Snyder vows culture change amid allegations


Washington NFL owner Dan Snyder said Friday he is committed to improving the culture inside the team after allegations of sexual harassment, while the league said it will wait for a law firm’s review before taking action.

The allegations of sexual harassment and toxic workplace culture spanning from 2006 to 2019 were raised by 15 women, all but one of whom spoke to The Washington Post on the condition of anonymity, with some having signed nondisclosure agreements with the team.

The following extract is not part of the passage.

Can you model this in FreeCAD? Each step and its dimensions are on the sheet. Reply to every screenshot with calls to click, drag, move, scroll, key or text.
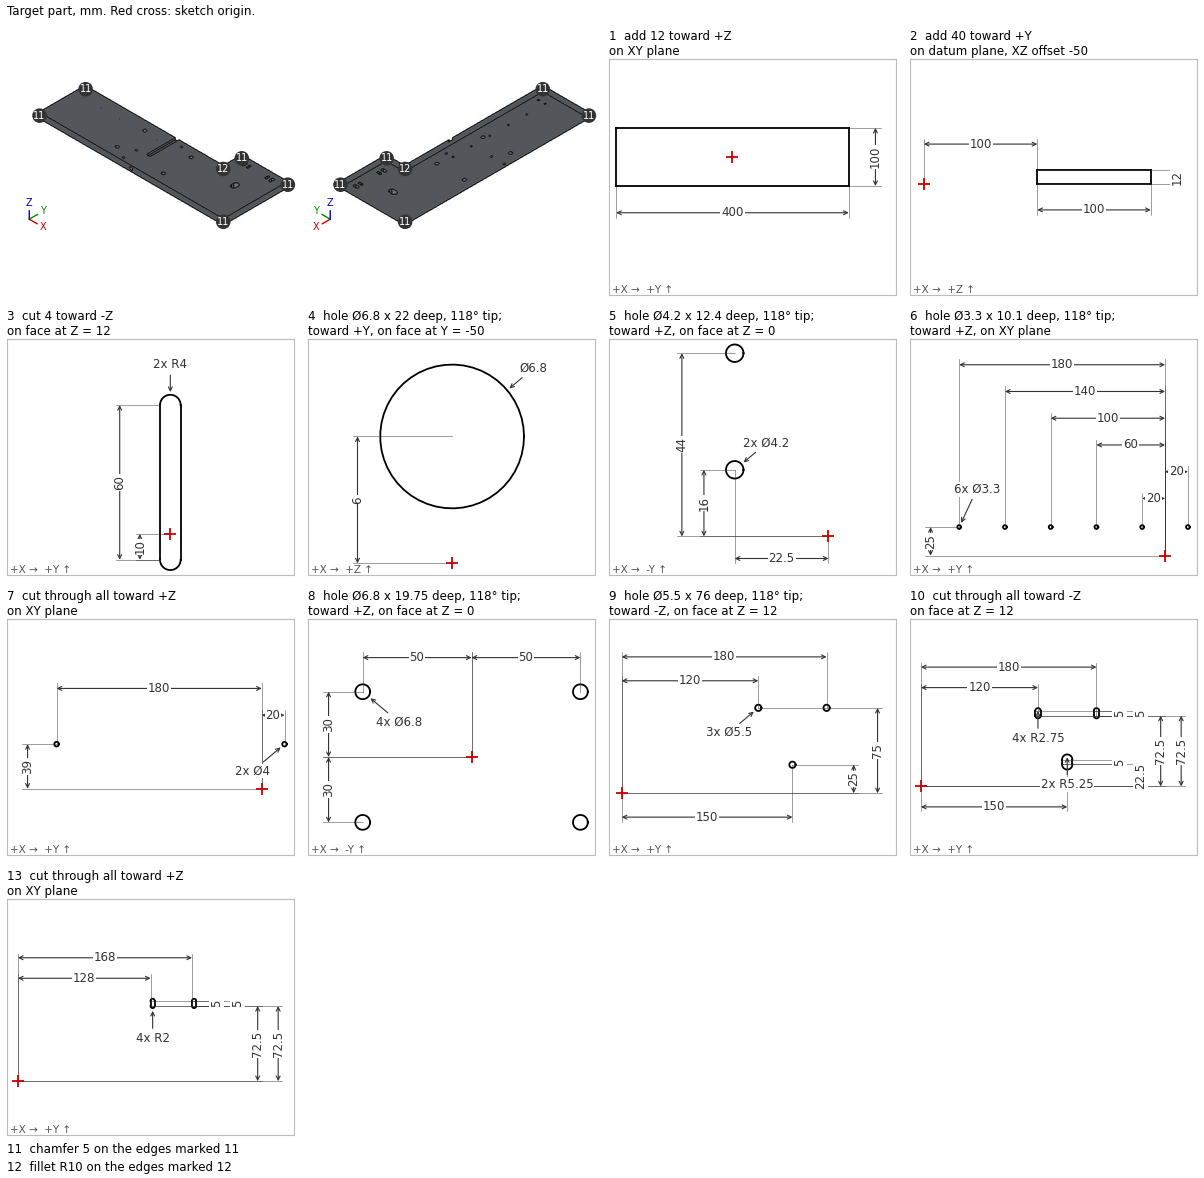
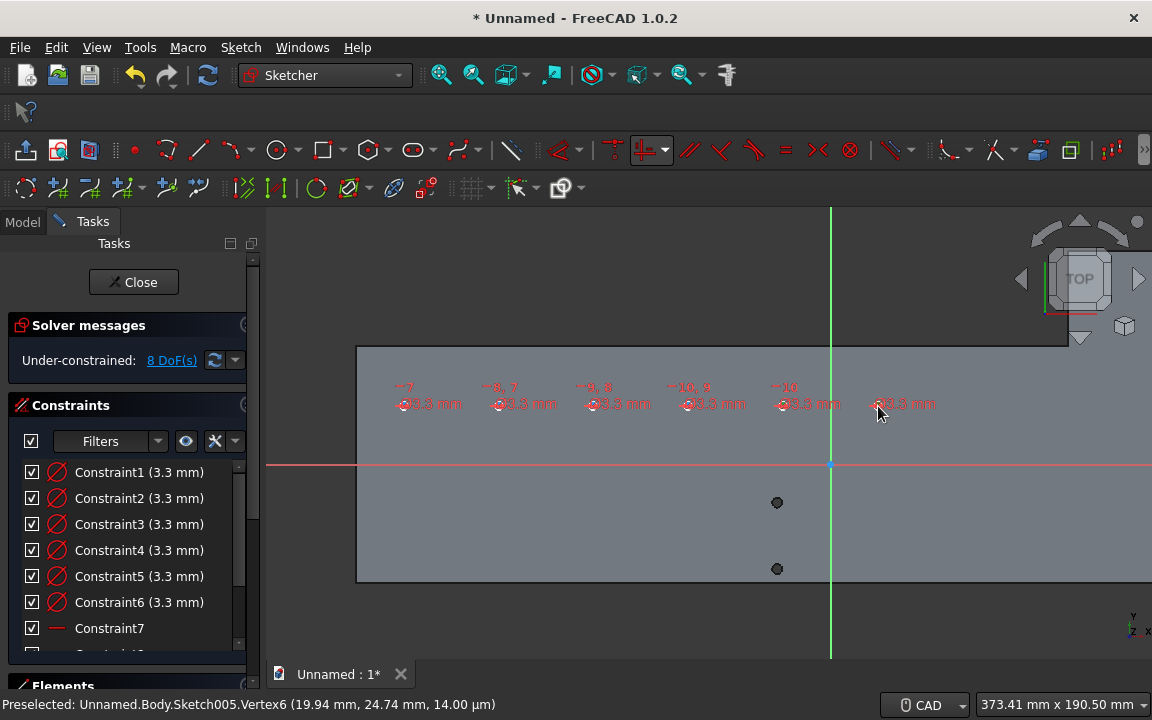
click(668, 150)

“The behavior described in yesterday’s Washington Post article has no place in our franchise or society,” Snyder said in a statement Friday. “This story has strengthened my commitment to setting a new culture and standard for our team.”

Snyder hired the District of Columbia law firm Wilkinson Walsh to conduct an independent review of team policies, culture and allegations of workplace misconduct. The NFL said in a statement it will meet with lawyers after the investigation is complete and will act based on the findings.

“These matters as reported are serious, disturbing and contrary to the NFL’s values,” the league said. “Everyone in the NFL has the right to work in an environment free from any and all forms of harassment.”

Snyder also pledged to make organizational changes.

“Beth Wilkinson and her firm are empowered to do a full, unbiased investigation and make any and all requisite recommendations,” Snyder said. “Upon completion of her work, we will institute new policies and procedures and strengthen our human resources infrastructure to not only avoid these issues in the future but most importantly create a team culture that is respectful and inclusive of all.”

He said the commitment to establishing a new culture and higher standard began with the hiring of coach Ron Rivera, who also has control of football operations.

“[The] biggest thing is that we have to move forward from this and make sure everybody understands we have policies that we will follow and that we have an open door policy with no retribution,” Rivera said in a text to ESPN’s John Keim. “Plus my daughter works for the team and I sure as hell am not going to allow any of this!”

The NFL said it expects the team and all employees to be cooperative but that it is not yet conducting its own review of the team.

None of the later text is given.